JCPS considers splitting up students in struggling middle schools
LOUISVILLE, Ky. (WDRB) -- Radical changes could be on the way for some low performing JCPS schools. The school board is considering making changes in an effort to improve student and teacher performance.
District officials are considering a plan that would affect four schools and - in some cases - could require students and teachers to attend class up until 5 p.m. Those changes could take place as early as next school year.
Community input meetings have been taking place across Louisville to discuss the proposed changes. On Monday, Frost Middle School parents in the Shawnee neighborhood brought their questions ready for district and school officials.
Parents expressed legitimate worries--everything from mixing age groups to longer school days. But the district says, this plan will work to bring the school up from its low performing ranks.
Alicia Price has an eighth grader at Frost Middle School. She said he has struggled since transferring there. "He cannot learn. They're not quiet. They can't get a hold of their class. There is no discipline or structure in the school, and so he can't focus."
Although her son is moving on next year, she came to one of many community input sessions to find out about proposed changes that are aimed at bettering the low performing school.
Part of the proposal is making Frost sixth grade only, while 7th and 8th graders will be sent to Valley High school.
The current principal at Valley High School, Robert Stephenson says the plan will allow the sixth graders more time to transition from elementary to middle without the distraction of upper classmen. "I think running that 6th grade academy will give those kids a year to mature and get ready for that 7th and 8th grade year."
The proposal also makes for a longer school day for 6th graders. District officials say school would end closer to 5 p.m. allowing for more learning.
Parents said they were concerned about transportation with the later school days. They also said they didn't want their kids getting home late.
But advocates assured busses would run late to all neighborhoods, and that the longer days would be worth it. They say it will give the kids the extra academic attention they need.
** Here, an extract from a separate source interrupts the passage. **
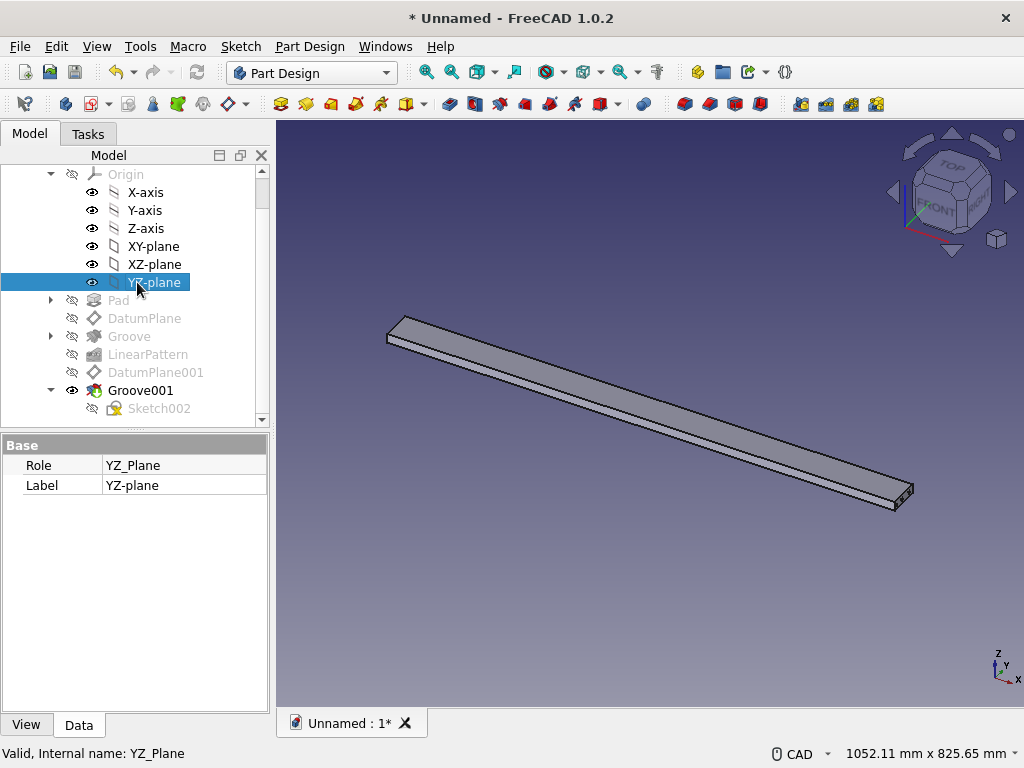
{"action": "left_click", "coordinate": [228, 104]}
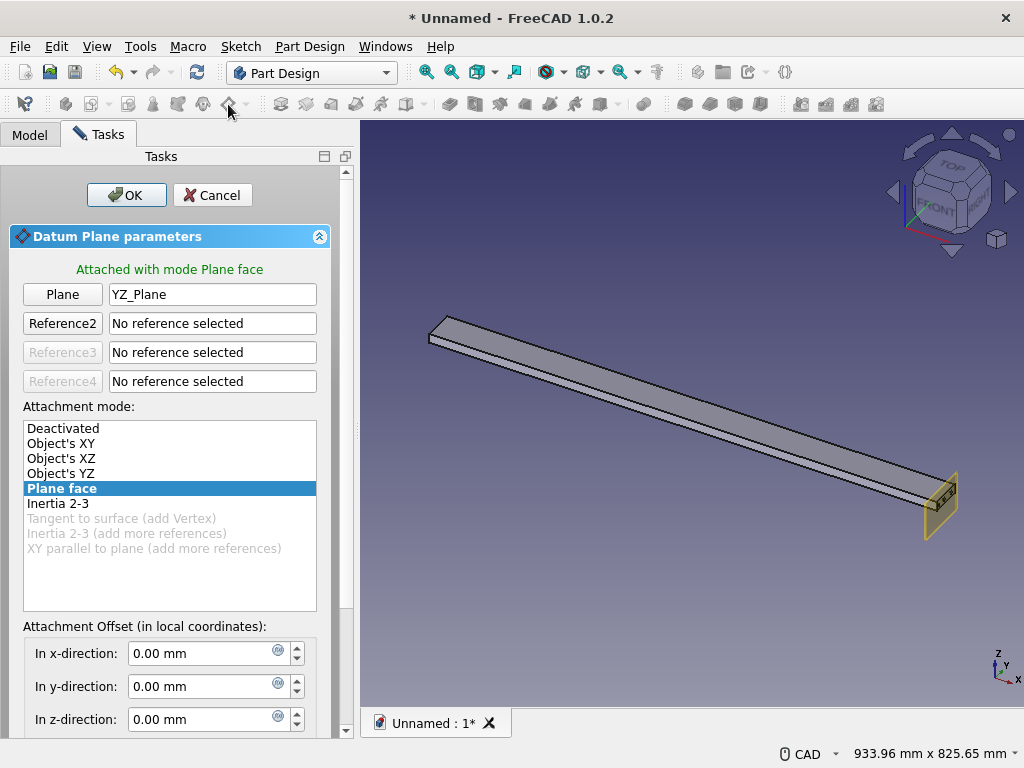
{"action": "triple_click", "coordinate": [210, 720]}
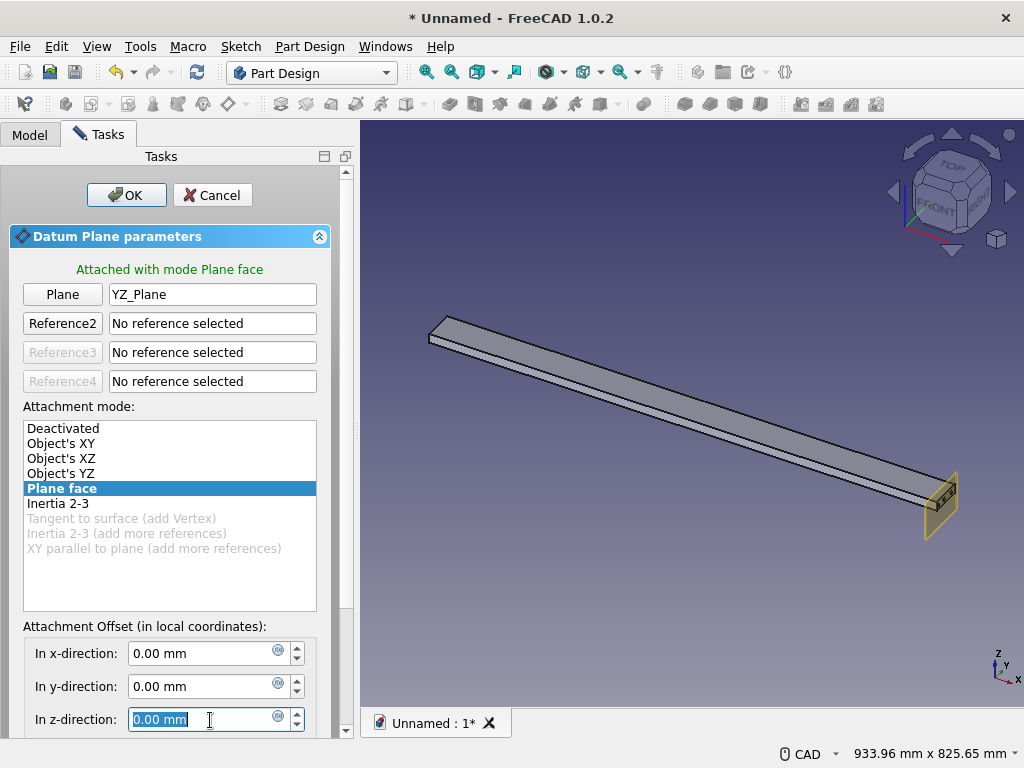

Concerns were also expressed about mixing 7th and 8th graders with high schoolers.
"If I had a 12-year-old daughter, I don't want her around high school boys, or vice versa with my boy and girls," said Price. "With the maturity levels, as a parent, you don't want that."
But Stephenson said the students will be well divided. "We'll house them in another section, we'll have separate lunch times, they'll run on a separate bell schedule," he said. "There will not be hardly any interaction with the high school kids."
Frost and Valley aren't the only schools facing changes. Myers Middle School and Shawnee High School are also on the agenda for changes.
At Myers Middle School, plans call for adding a magnet program for a Cadet Academy, where students would focus on ROTC. The district claims students in the program have fewer suspensions, better attendance and better test scores.
The Academy at Shawnee, which is one of the lowest performing schools in the state, would focus on community based learning -- partnering with the University of Louisville to improve teacher and student performance.
And despite concerns, many parents from these struggling schools say--at this point--they're open to almost anything. "Anything that's going to make my child do better, I can go along with it," said Robert Garth, father of a 6th grader at Frost.
The JCPS School Board will hold a community work session before their regularly scheduled meeting on October 14. The work session is open to the public and starts at 4 p.m.